So, you're ready for an application. Step 1: Read and view the data.

<div>
    <font color=#690027 markdown="1">
<h2>3. Application: customer review</h2>    </font>
</div>

In what follows you will perform sentiment analysis on a given review.

### The data

Run the following code cell to read in the review and then view it.

In [None]:
review = "New concept in Gent, but I think it could be better. Most of the cornflakes were just the basic kinds. Also a bit expensive for the amount you get, especially with the toppings they are modest. And if you offer breakfast, also give people more choice for their coffee."

In [None]:
print(review)

You are ready for step 2: perform preprocessing on the review.

<div>
    <font color=#690027 markdown="1">
<h2>4. Preprocessing</h2>    </font>
</div>

### LowercasingIn this step, you convert the text in the review to lowercase. Lowercasing is necessary because words without uppercase are in the lexicon.
The variable `review_lowercase` refers to this converted text.

In [None]:
# convert review text to lowercase textreview_lowercase = review.lower()  # write review in lowercase letters

In [None]:
# show result of lowercasingprint(review_lowercase)

### TokenizationNow you will split the review into words and punctuation marks using the computer, this is based on spaces.These words and punctuation marks are **tokens**.
To automatically generate the tokens, it is necessary for the words and punctuation to be separated by a space. After each space, a new token can then be generated.E.g. Hello, world! is first written as Hello , world ! and the four tokens are then: 'Hello', ',', 'world' and '!'.
You will therefore first need to modify the review: a space must definitely be present before and after each punctuation mark.

#### Insert spaces before each punctuation markIn this step, you place a space before (and after) every punctuation mark in the review.
The variable `review_spatie` refers to this converted text.

In [None]:
punctuation = string.punctuationprint(punctuation)

In [None]:
# adding spaces to review textreview_spatie = ""     # empty stringfor character in review_lowercase:    if character not in punctuation:        review_space = review_space + characterelse:        review_space = review_space + " " + character + " "     # space before and after a punctuation mark

In [None]:
# show result of adding spacesprint(review_space)

In [None]:
# tokenizationtokens = review_space.split()

In [None]:
# show result of tokenizationprint(tokens)
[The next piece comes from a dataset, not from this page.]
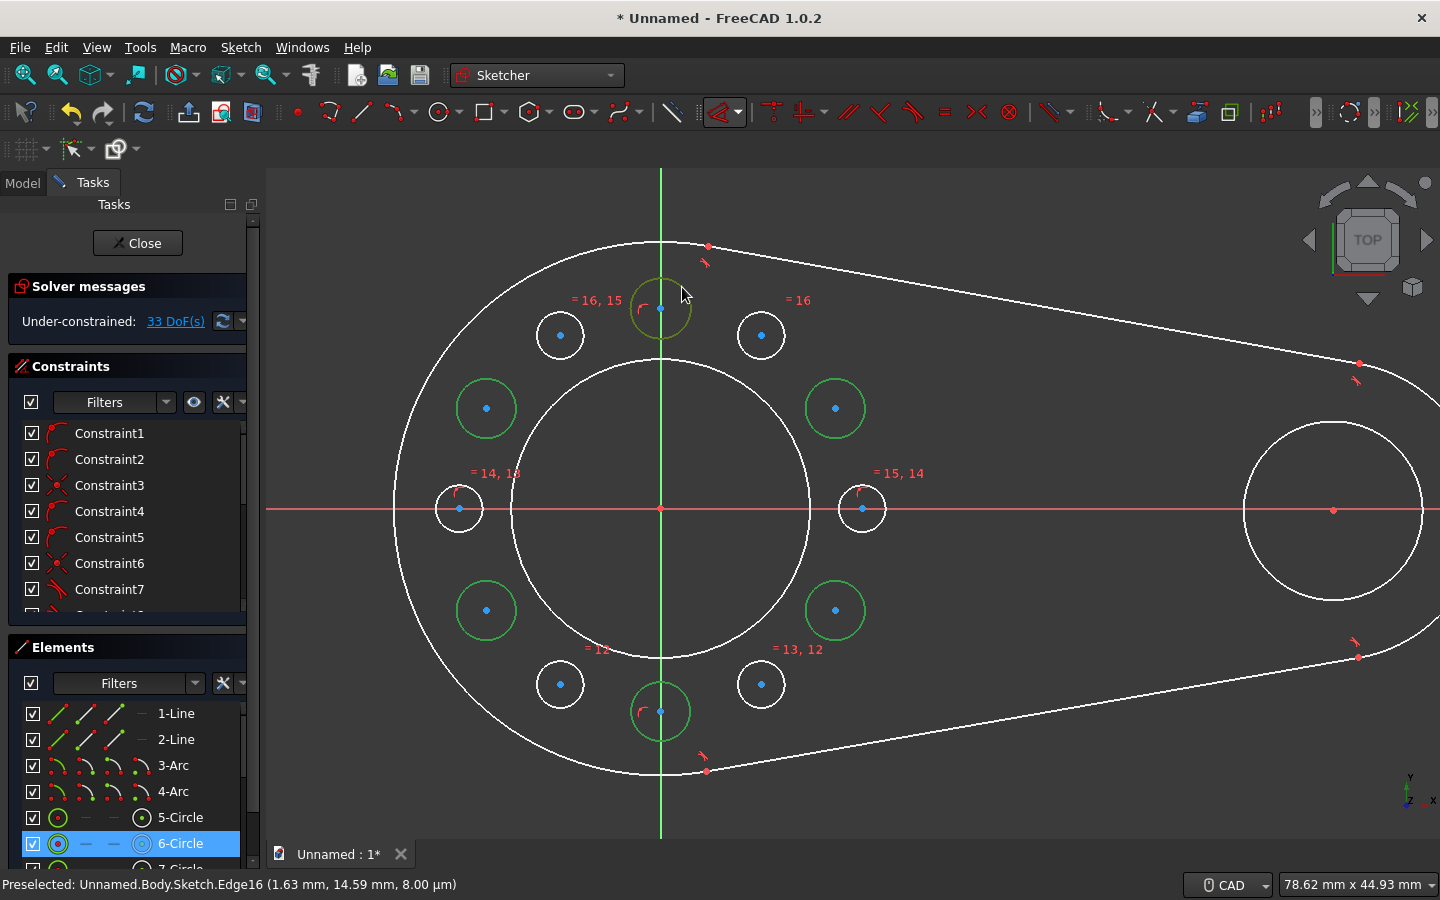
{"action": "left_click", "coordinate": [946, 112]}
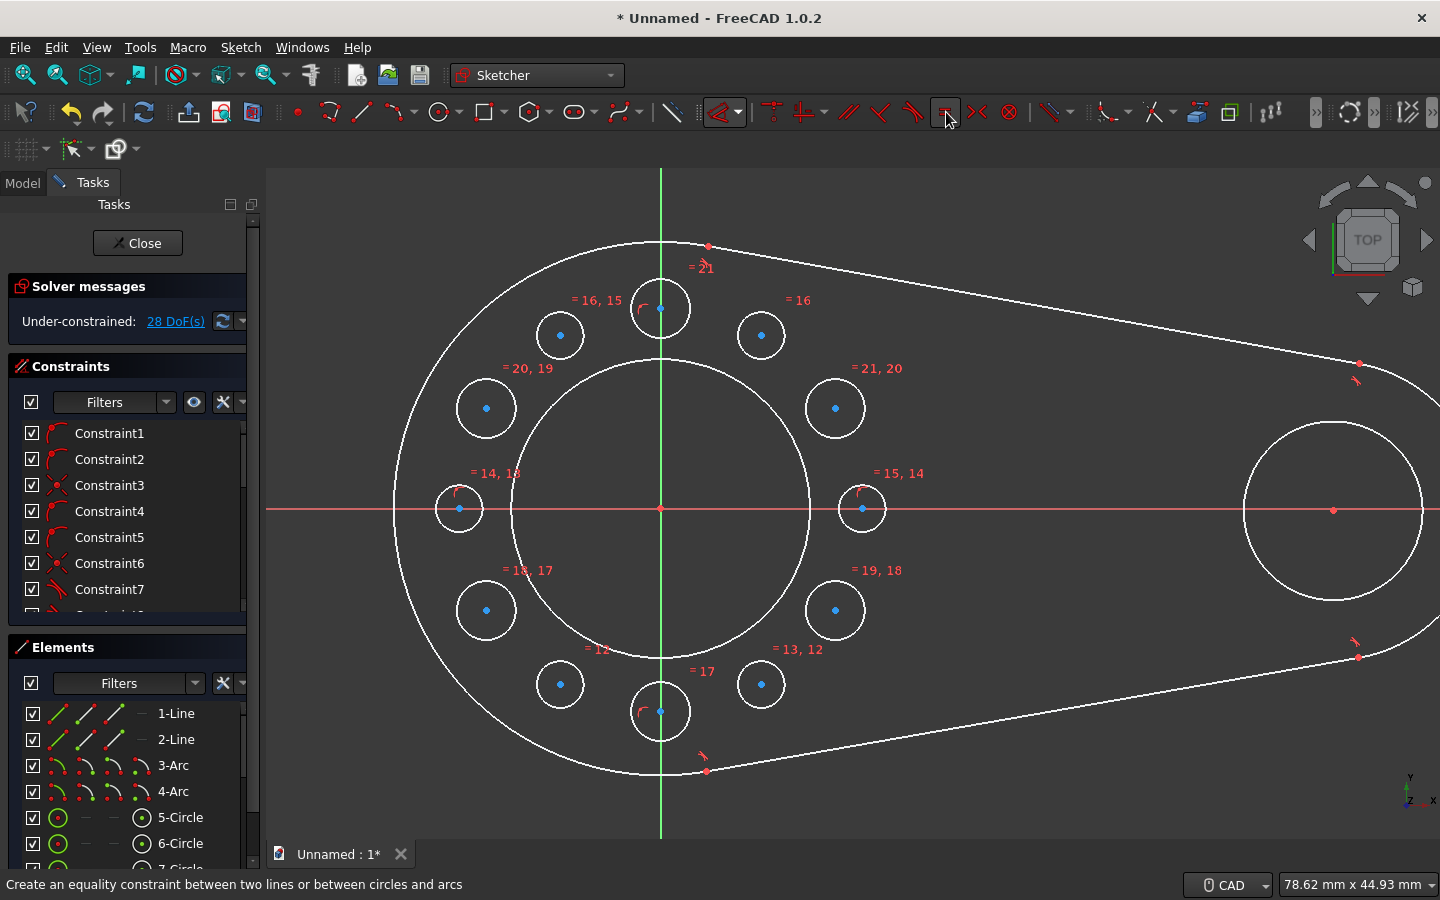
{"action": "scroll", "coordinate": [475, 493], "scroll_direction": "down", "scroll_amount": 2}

So you get a list of the tokens.

Once the text has been tokenized, you can assign a **part-of-speech tag** to each token, for a word, this is the word type.<br>When looking up a token in the lexicon, it is important that you also check the part-of-speech tag. After all, some words can be used both as a noun and as an adjective.
Looking up a token in the lexicon is done in its dictionary form. Each token must therefore be lemmatized, i.e., brought back to its **lemma** or dictionary form, such as singular for a noun and the infinitive for a verb. The search for such a dictionary form in the lexicon can then be **automated**.

### Part-of-speech tagging and lemmatization

So you want a list of the part-of-speech tags and the lemmas corresponding to the tokens, and you can then look up these lemmas in the lexicon.
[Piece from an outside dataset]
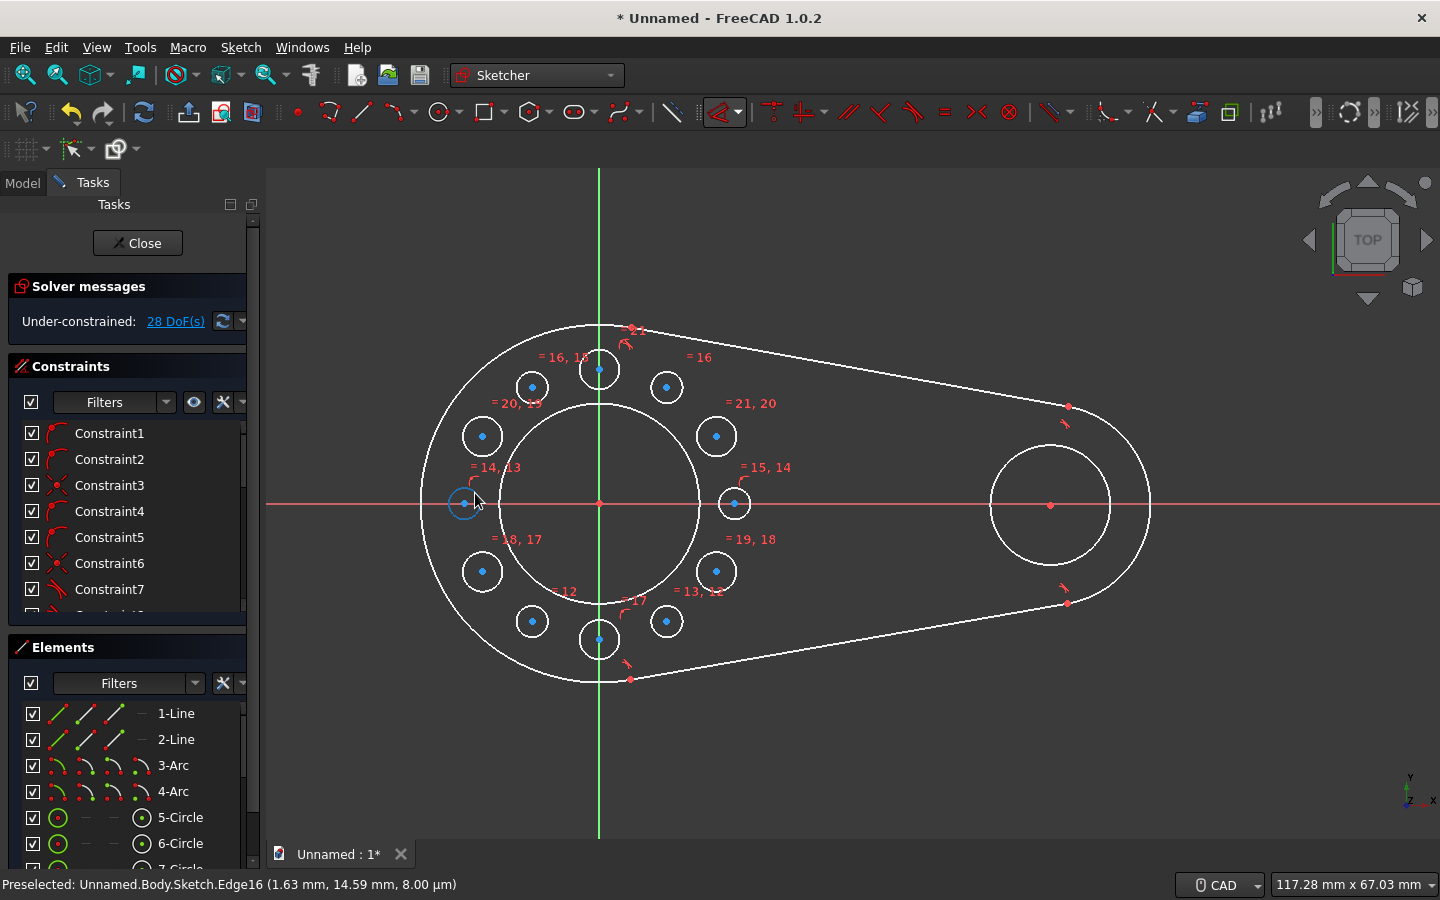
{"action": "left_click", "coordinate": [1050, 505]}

The first token is 'new'. The base form or lemma is `new` and this is an adjective, ADJ.
Take the token ','. The basic form or lemma is `,` and this is punctuation, so a symbol, SYM.
Take the token 'kan'. The base form or lemma is `kunnen` and this is a verb, VERB.
Take the token 'species'. The base form or lemma is `species` and this is a noun, NOUN.

**Note** that the lemma of tokens such as *'were'*, *'types'*, *'gets'*, *'toppings'*, *'offers'*, *'give'* and *'people'* is not the same as the token. With other tokens, such as *'new'*, that is the case.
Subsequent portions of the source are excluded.